Let’s run test our parser against that invalid format string.

int main(int argc, const char* argv[])
{
    using x = run_parser<
        VisualFormat::visualFormatString,         
        decltype("H:|[list(==200][content(>=300)]|"_stream)>;
    
    Printer<x>::Print(std::cout);

    return 0;
}

As expected, the result is the clear and concise error message: 'At:Position:14 Expected:) Found:]'.

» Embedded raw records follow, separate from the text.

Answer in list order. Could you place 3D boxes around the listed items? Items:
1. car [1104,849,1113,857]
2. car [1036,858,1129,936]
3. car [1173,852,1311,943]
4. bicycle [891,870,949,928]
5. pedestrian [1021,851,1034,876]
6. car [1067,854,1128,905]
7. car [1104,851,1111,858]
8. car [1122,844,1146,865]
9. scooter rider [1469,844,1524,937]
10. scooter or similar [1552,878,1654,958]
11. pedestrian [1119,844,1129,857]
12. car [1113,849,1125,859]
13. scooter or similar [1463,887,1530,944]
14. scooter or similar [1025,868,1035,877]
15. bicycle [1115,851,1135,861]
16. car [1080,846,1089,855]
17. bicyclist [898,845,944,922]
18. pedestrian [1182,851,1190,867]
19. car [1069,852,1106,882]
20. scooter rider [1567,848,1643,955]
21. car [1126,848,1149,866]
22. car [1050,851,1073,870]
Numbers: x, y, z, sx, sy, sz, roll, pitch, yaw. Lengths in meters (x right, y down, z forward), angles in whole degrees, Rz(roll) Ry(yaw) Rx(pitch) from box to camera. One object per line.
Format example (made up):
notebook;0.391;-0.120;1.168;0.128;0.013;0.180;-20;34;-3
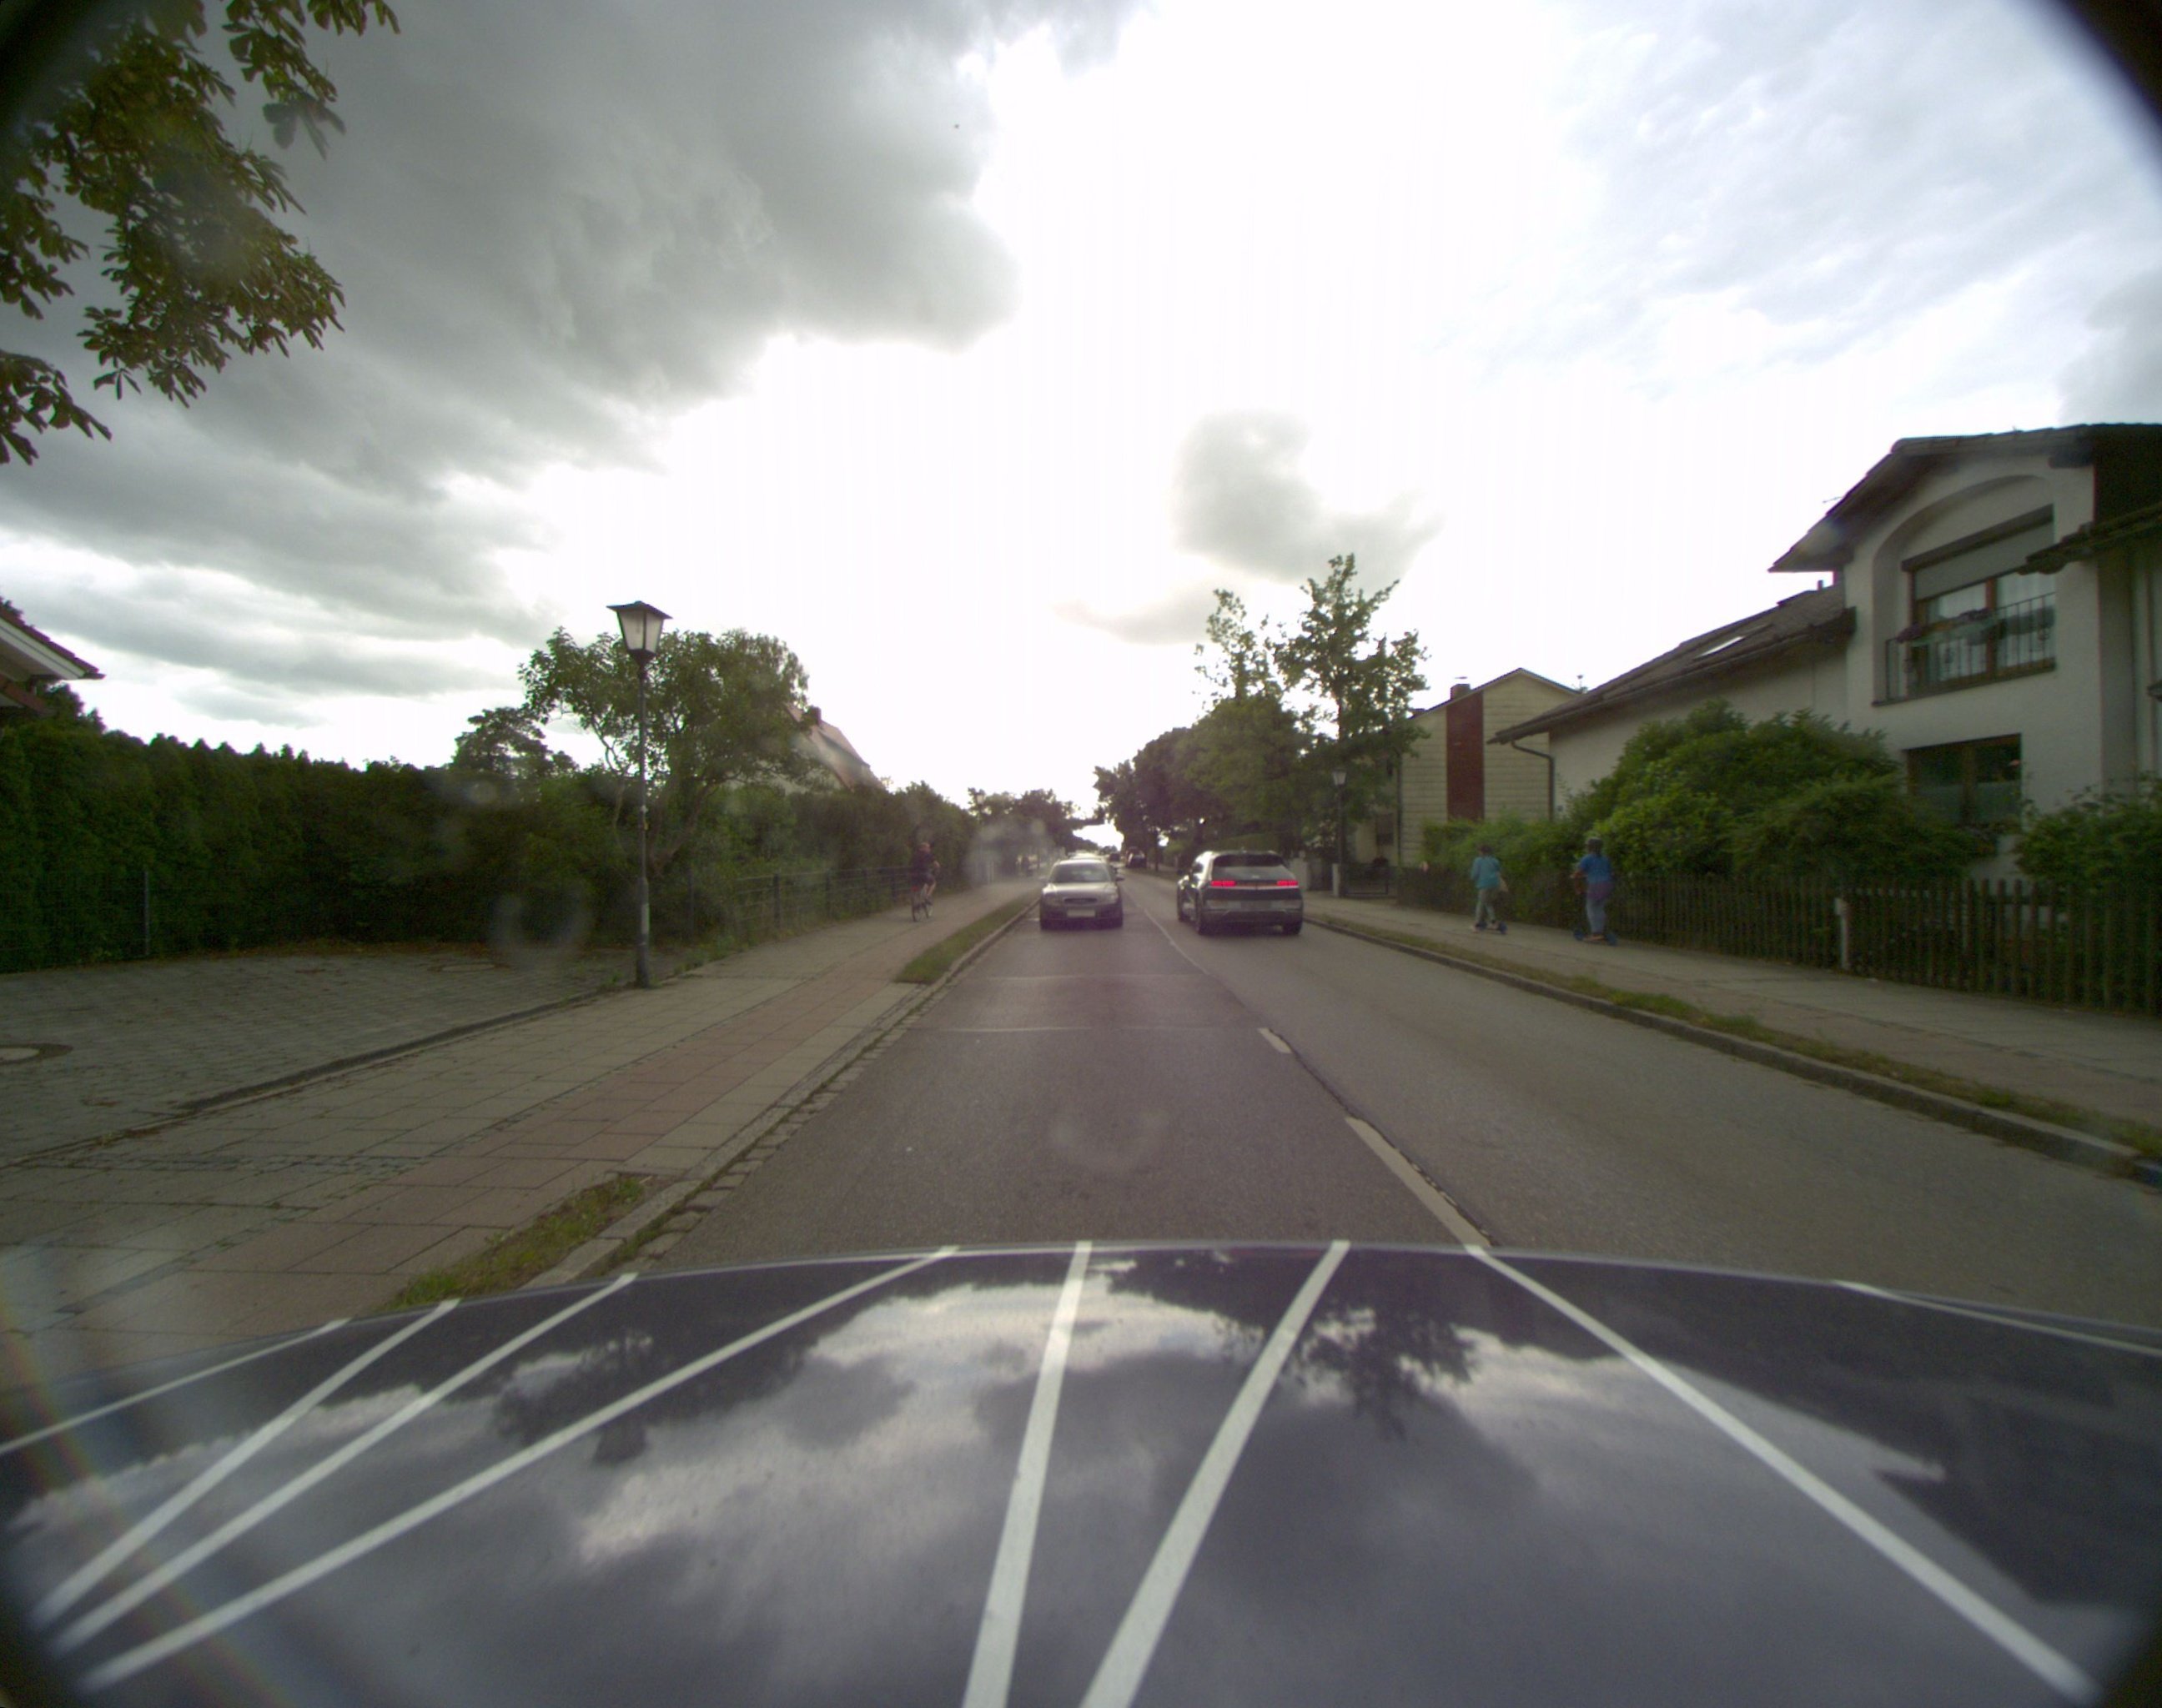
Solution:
car;6.111;-0.201;170.804;1.904;1.873;5.010;-1;0;1
car;0.034;0.865;17.226;1.809;1.476;4.270;-1;0;0
car;3.090;0.762;15.510;1.935;1.566;4.311;-1;0;0
bicycle;-3.480;0.947;16.587;0.766;1.136;1.845;-1;0;2
pedestrian;-3.428;0.578;49.089;0.793;1.592;0.671;-1;1;-2
car;0.522;0.788;26.122;1.866;1.518;4.943;-1;0;0
car;6.867;0.056;197.013;1.904;1.873;5.010;-1;0;1
car;5.976;0.018;86.606;2.246;2.258;4.469;-1;0;-2
scooter rider;6.827;0.587;12.513;0.504;1.481;0.716;-1;1;1
scooter or similar;7.425;0.890;10.864;0.663;1.031;1.178;-1;0;2
pedestrian;6.791;-0.594;119.788;1.252;2.002;1.023;-2;1;23
car;6.997;-0.066;140.075;1.969;1.842;4.948;-1;0;1
scooter or similar;6.838;1.000;12.550;0.522;0.845;1.061;-1;0;1
scooter or similar;-3.235;1.148;48.426;0.618;0.553;0.742;-1;0;-4
bicycle;6.913;0.336;119.750;2.911;1.541;0.941;-1;1;23
car;0.780;-0.806;179.320;1.998;2.002;4.000;-1;0;0
bicyclist;-3.485;0.625;16.608;0.738;1.623;0.891;1;1;4
pedestrian;9.395;0.436;67.778;0.631;1.429;0.563;-1;1;0
car;0.339;0.662;41.541;1.866;1.518;4.122;-1;0;0
scooter rider;7.423;0.655;10.782;0.664;1.464;0.581;-1;1;1
car;5.979;0.309;80.767;1.999;1.739;3.999;-1;0;-2
car;-1.572;0.497;63.098;1.867;1.518;4.122;-1;0;-1

Add the missing paren and the result is, 'Format string is valid'.

Limitations and Further Work

This post only outlines a basic parser combinator library. Many important simplications have been made, including two key ones relevant to validating visual format strings.

Compile Time Error Messaging.

In the above program, the parsing and validation of the visual format string all happens at compiletime, but printing the error message happens at runtime. Obviously, this is not the desired behavior.

We could easily add a static_assert that checks that if a parser completed successfully. But that still leaves outputting our meaningful error message. For some reason entirely beyond my comprehension, static_assert only takes string literals. We can’t even pass in a constexpr.

A more complete implementation would check that the the visual format parser completed successfully or print an error message at compile time indicating why parsing failed. We would basically implement another specialization similar to Printer that constructs compile time strings and then output these strings somehow. I’m still not sure what the most readable approach to outputting the error message as a compiler error would be.

Representation Construction

Another big simplification is that we only check if the format string is valid. No representations of the contents of the format string are constructed.

For the visual format language, it is easy to imagine a compile time parser that translates visual format strings into template data structures. These visual format structures could then be translated into very efficient runtime data structures and operations.